Collected data:
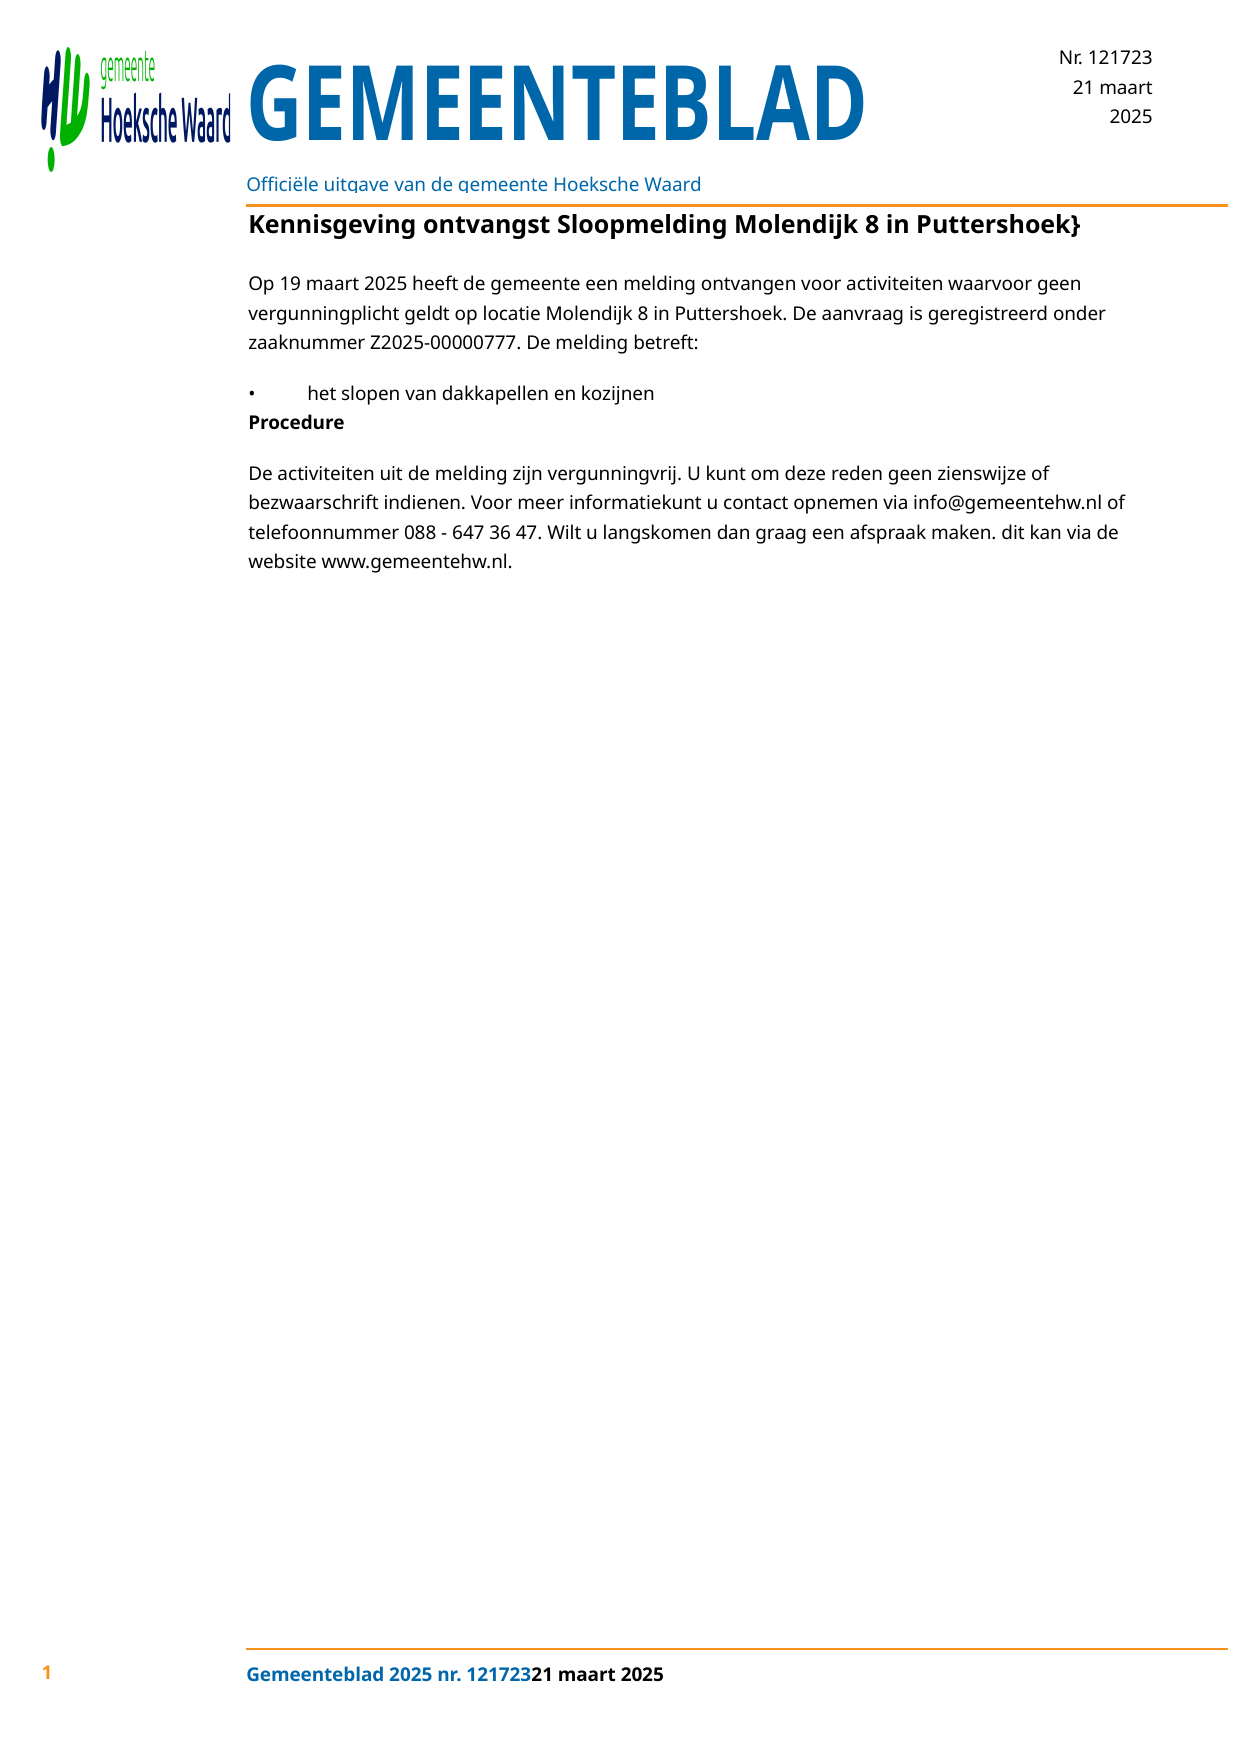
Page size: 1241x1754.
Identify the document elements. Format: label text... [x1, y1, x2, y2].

picture [41, 47, 231, 172]
text De activiteiten uit de melding zijn vergunningvrij. U kunt om deze reden geen zienswijze of bezwaarschrift indienen. Voor meer informatiekunt u contact opnemen via info@gemeentehw.nl of telefoonnummer 088 - 647 36 47. Wilt u langskomen dan graag een afspraak maken. dit kan via de website www.gemeentehw.nl. [248, 460, 1152, 574]
text Procedure [248, 409, 1152, 435]
text Op 19 maart 2025 heeft de gemeente een melding ontvangen voor activiteiten waarvoor geen vergunningplicht geldt op locatie Molendijk 8 in Puttershoek. De aanvraag is geregistreerd onder zaaknummer Z2025-00000777. De melding betreft: [248, 270, 1152, 355]
text Kennisgeving ontvangst Sloopmelding Molendijk 8 in Puttershoek} [248, 207, 1152, 241]
list het slopen van dakkapellen en kozijnen [248, 380, 1152, 406]
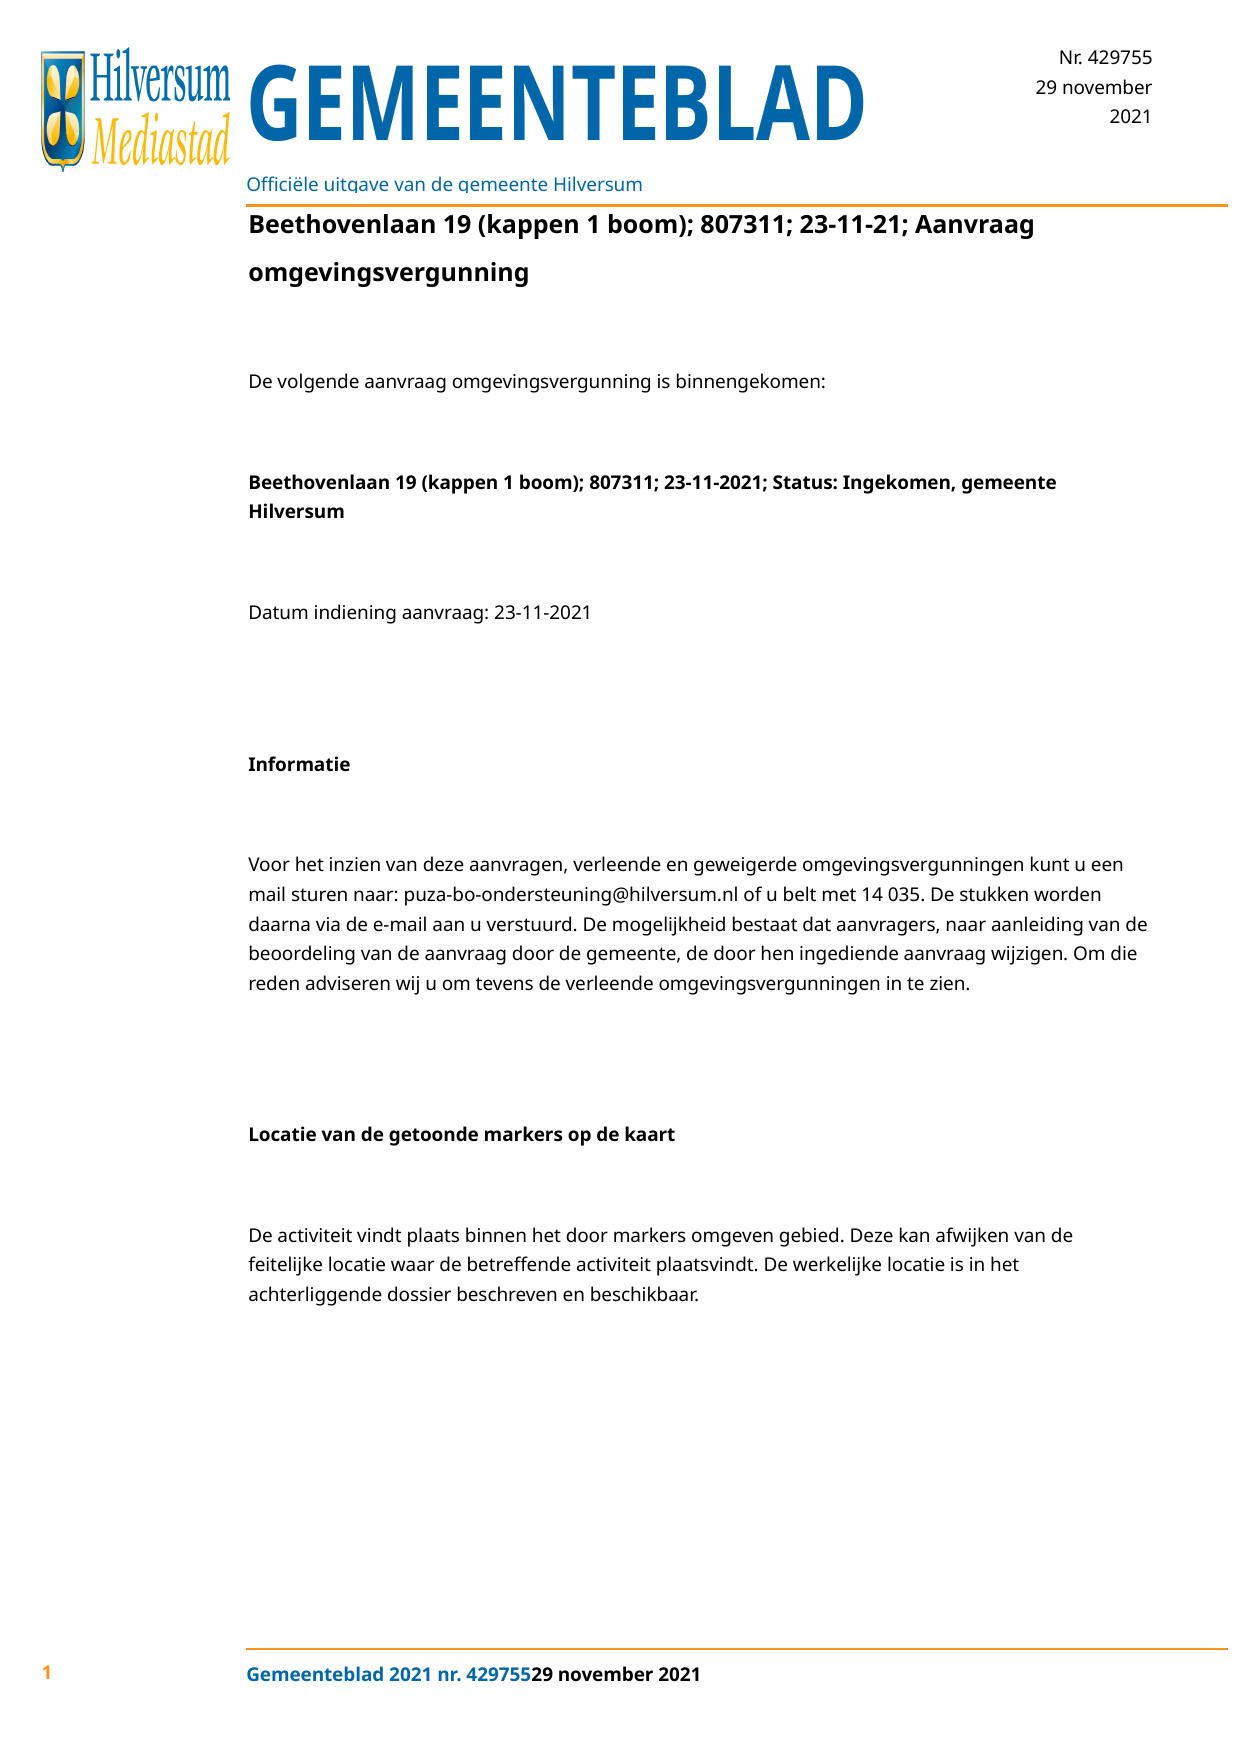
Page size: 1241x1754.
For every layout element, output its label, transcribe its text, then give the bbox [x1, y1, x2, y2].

text Locatie van de getoonde markers op de kaart [248, 1121, 1152, 1147]
text Informatie [248, 751, 1152, 777]
text Datum indiening aanvraag: 23-11-2021 [248, 599, 1152, 625]
text Beethovenlaan 19 (kappen 1 boom); 807311; 23-11-21; Aanvraag omgevingsvergunning [248, 207, 1152, 288]
text Voor het inzien van deze aanvragen, verleende en geweigerde omgevingsvergunningen kunt u een mail sturen naar: puza-bo-ondersteuning@hilversum.nl of u belt met 14 035. De stukken worden daarna via de e-mail aan u verstuurd. De mogelijkheid bestaat dat aanvragers, naar aanleiding van de beoordeling van de aanvraag door de gemeente, de door hen ingediende aanvraag wijzigen. Om die reden adviseren wij u om tevens de verleende omgevingsvergunningen in te zien. [248, 852, 1152, 996]
text Beethovenlaan 19 (kappen 1 boom); 807311; 23-11-2021; Status: Ingekomen, gemeente Hilversum [248, 469, 1152, 524]
text De volgende aanvraag omgevingsvergunning is binnengekomen: [248, 368, 1152, 394]
picture [41, 47, 231, 172]
text De activiteit vindt plaats binnen het door markers omgeven gebied. Deze kan afwijken van de feitelijke locatie waar de betreffende activiteit plaatsvindt. De werkelijke locatie is in het achterliggende dossier beschreven en beschikbaar. [248, 1222, 1152, 1307]

**Work request**
Your response should be each line that includes the word "label", copied from the records.

**Solution to the problem**
Identify the document elements. Format: label text... [x1, y1, x2, y2].
For every layout element, output its label, transcribe its text, then give the bbox [x1, y1, x2, y2].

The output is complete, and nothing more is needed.